WHAT YOU HAVE TO DO:
Each and every line below goes into your answer unchanged, but leave out the images.

[RECORDS FOR THIS EXERCISE]

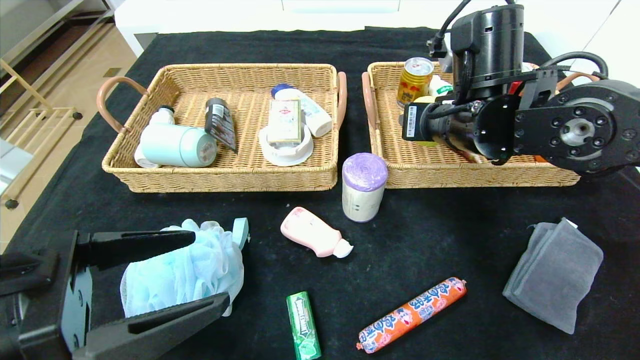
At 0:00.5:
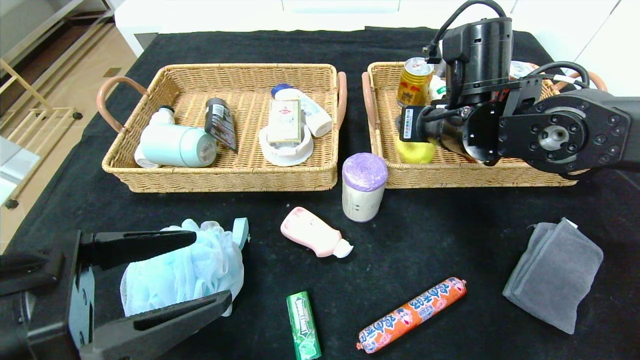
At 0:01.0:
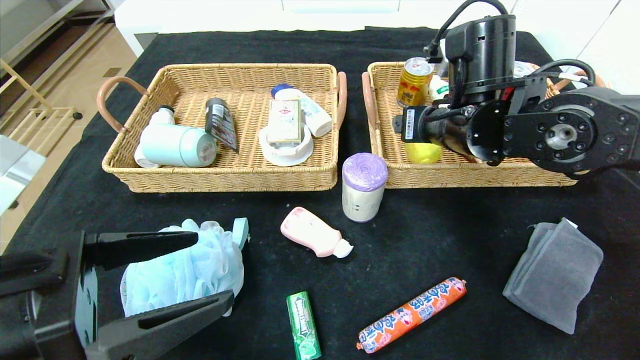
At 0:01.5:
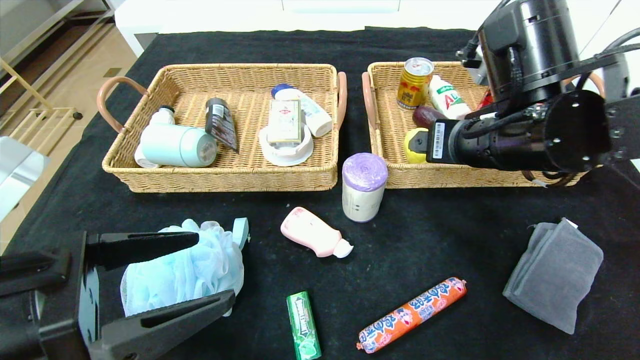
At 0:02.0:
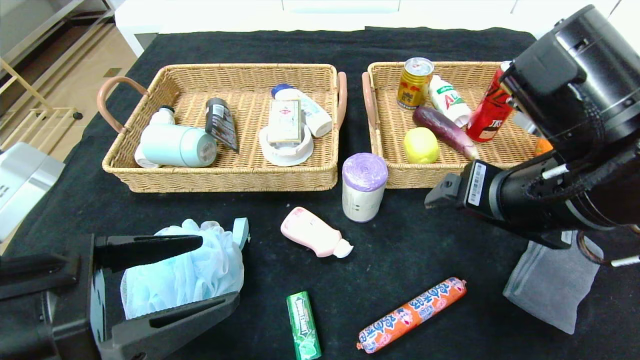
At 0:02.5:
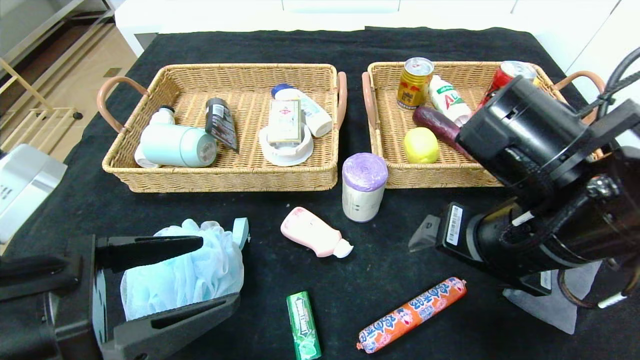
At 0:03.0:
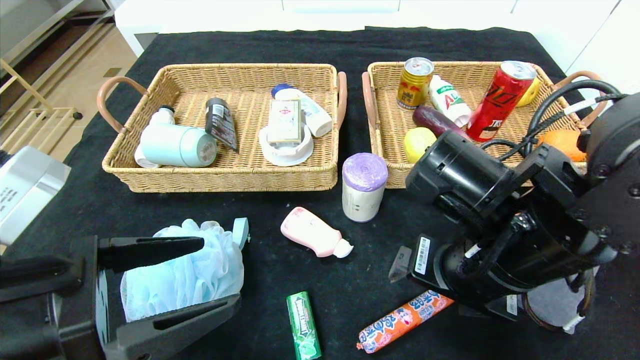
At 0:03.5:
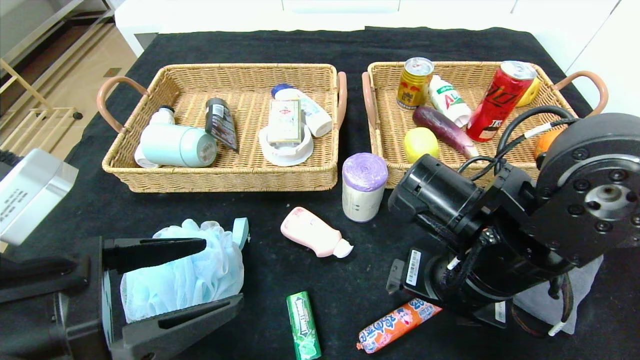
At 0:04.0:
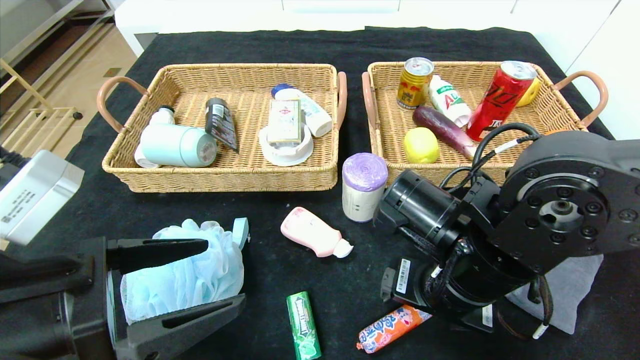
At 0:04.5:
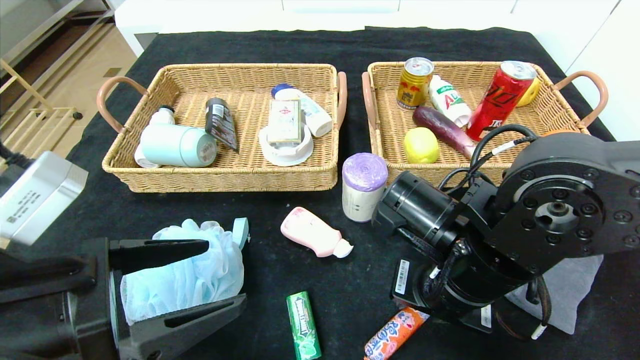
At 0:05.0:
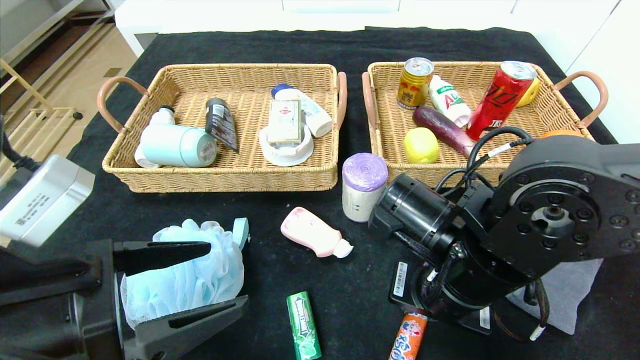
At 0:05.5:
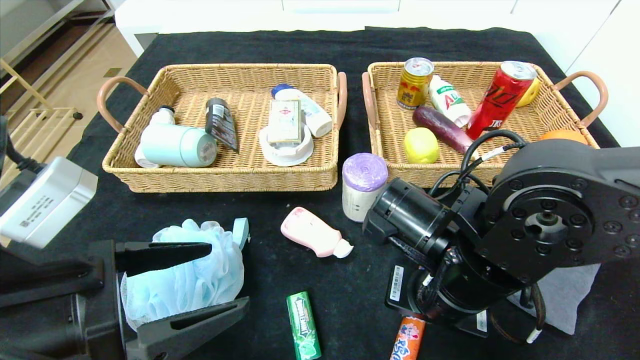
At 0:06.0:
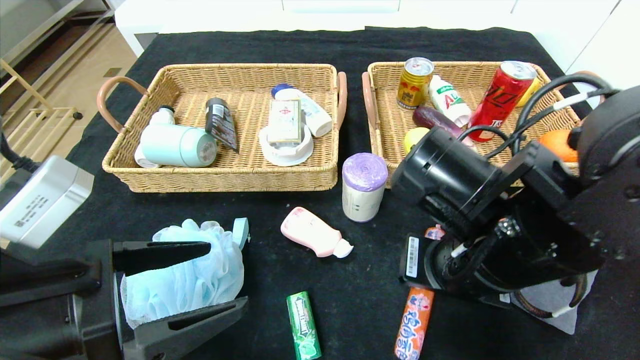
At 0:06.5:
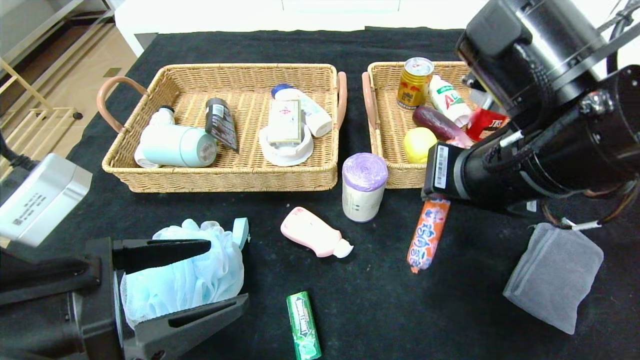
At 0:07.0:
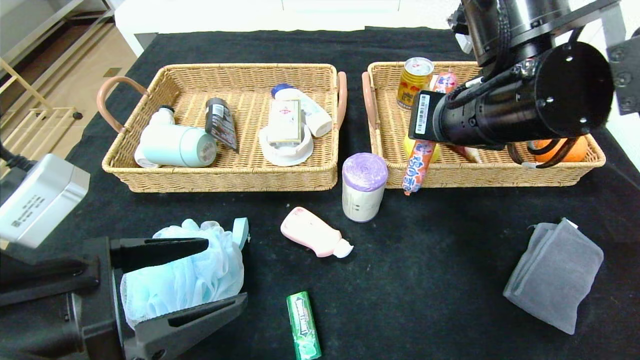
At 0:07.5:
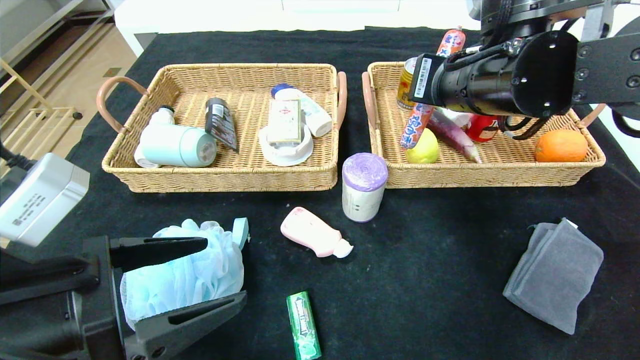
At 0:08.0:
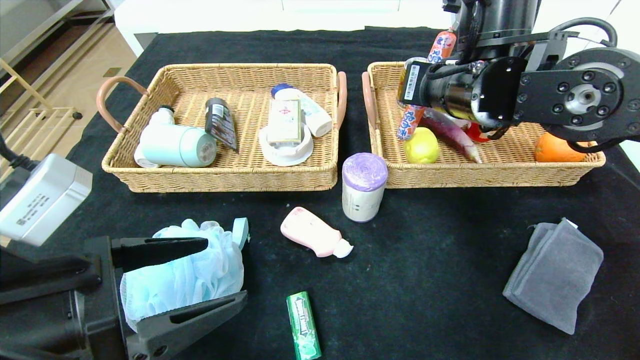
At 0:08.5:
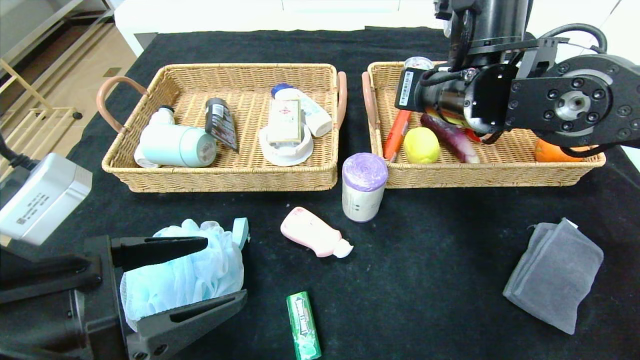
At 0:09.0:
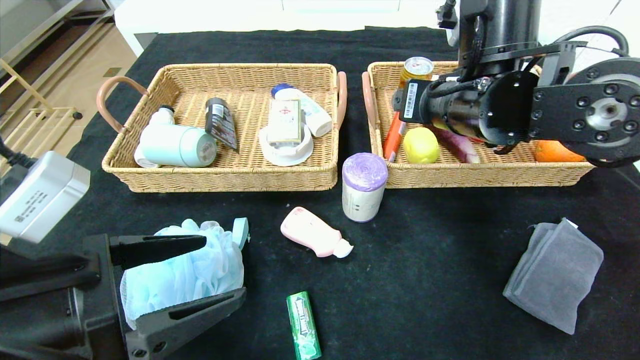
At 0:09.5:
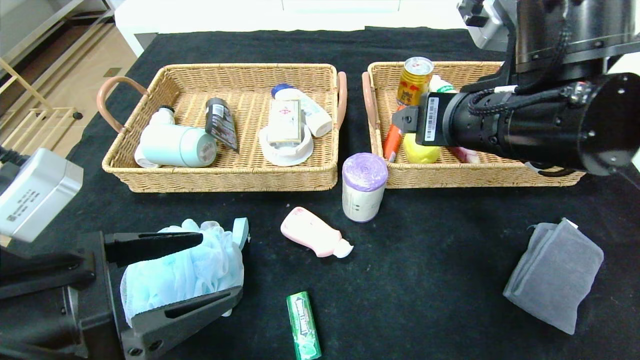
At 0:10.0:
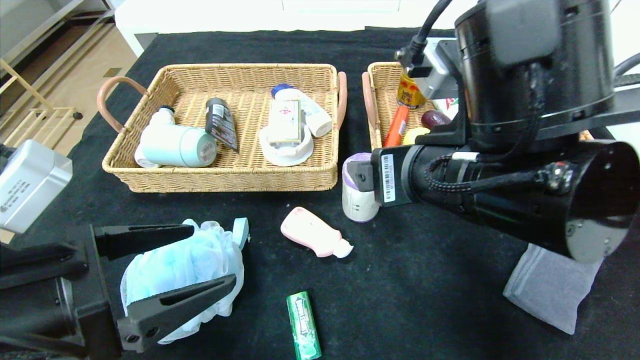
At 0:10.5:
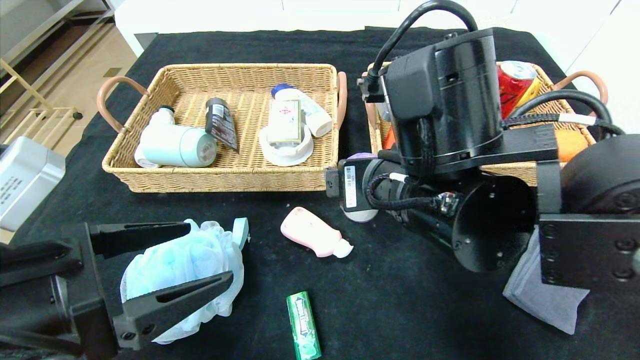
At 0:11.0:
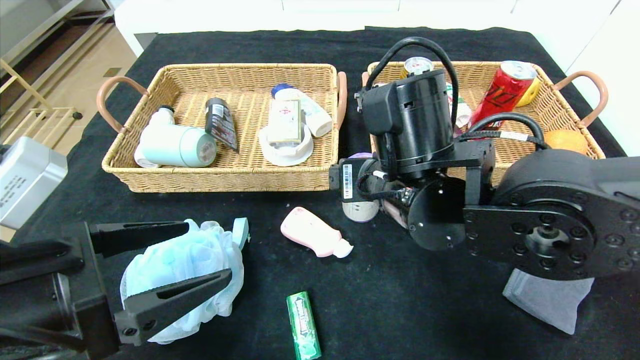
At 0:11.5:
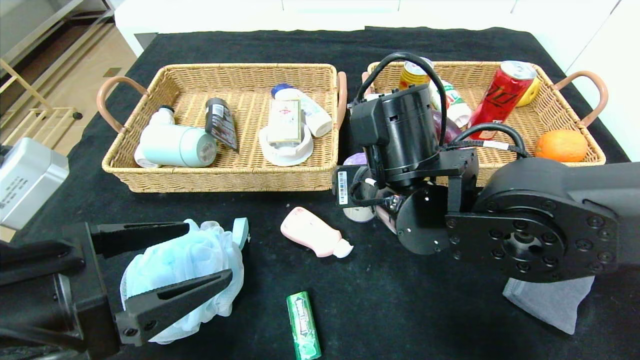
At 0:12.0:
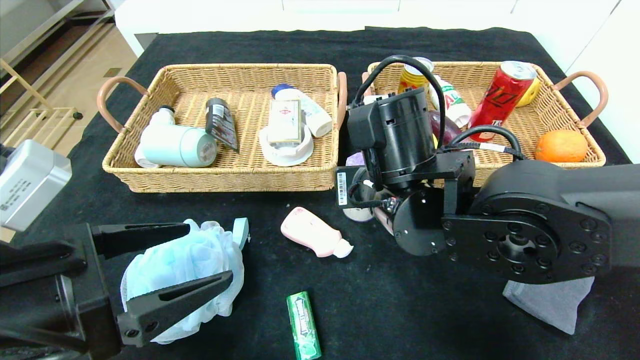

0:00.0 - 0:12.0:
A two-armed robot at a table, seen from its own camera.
Step, 0:01.0 - 0:08.5: Grasp the sausage and put it in the right basket.
0:00.0 - 0:02.0: The right gripper heads backward, covering some 15 cm, and opens.
0:02.0 - 0:04.0: The right gripper shifts roughly 10 cm downward and to the left.
0:04.0 - 0:06.0: The right gripper closes its fingers.
0:06.0 - 0:08.0: The right gripper travels forward and upward by about 15 cm.
0:08.0 - 0:10.0: The right gripper shifts some 15 cm backward, and opens its fingers.
0:10.0 - 0:12.0: The right gripper shifts approximately 10 cm forward and downward, and closes its fingers.

[/RECORDS FOR THIS EXERCISE]

EXERCISE SOLUTION:
At 0:00.5:
At 0:01.0:
At 0:01.5:
At 0:02.0:
At 0:02.5:
At 0:03.0:
At 0:03.5:
At 0:04.0:
At 0:04.5:
At 0:05.0:
At 0:05.5:
At 0:06.0:
At 0:06.5:
At 0:07.0:
At 0:07.5:
At 0:08.0:
At 0:08.5:
At 0:09.0:
At 0:09.5:
At 0:10.0:
At 0:10.5:
At 0:11.0:
At 0:11.5:
At 0:12.0:

0:00.0 - 0:12.0:
A two-armed robot at a table, seen from its own camera.
Step, 0:01.0 - 0:08.5: Grasp the sausage and put it in the right basket.
0:00.0 - 0:02.0: The right gripper heads backward, covering some 15 cm, and opens.
0:02.0 - 0:04.0: The right gripper shifts roughly 10 cm downward and to the left.
0:04.0 - 0:06.0: The right gripper closes its fingers.
0:06.0 - 0:08.0: The right gripper travels forward and upward by about 15 cm.
0:08.0 - 0:10.0: The right gripper shifts some 15 cm backward, and opens its fingers.
0:10.0 - 0:12.0: The right gripper shifts approximately 10 cm forward and downward, and closes its fingers.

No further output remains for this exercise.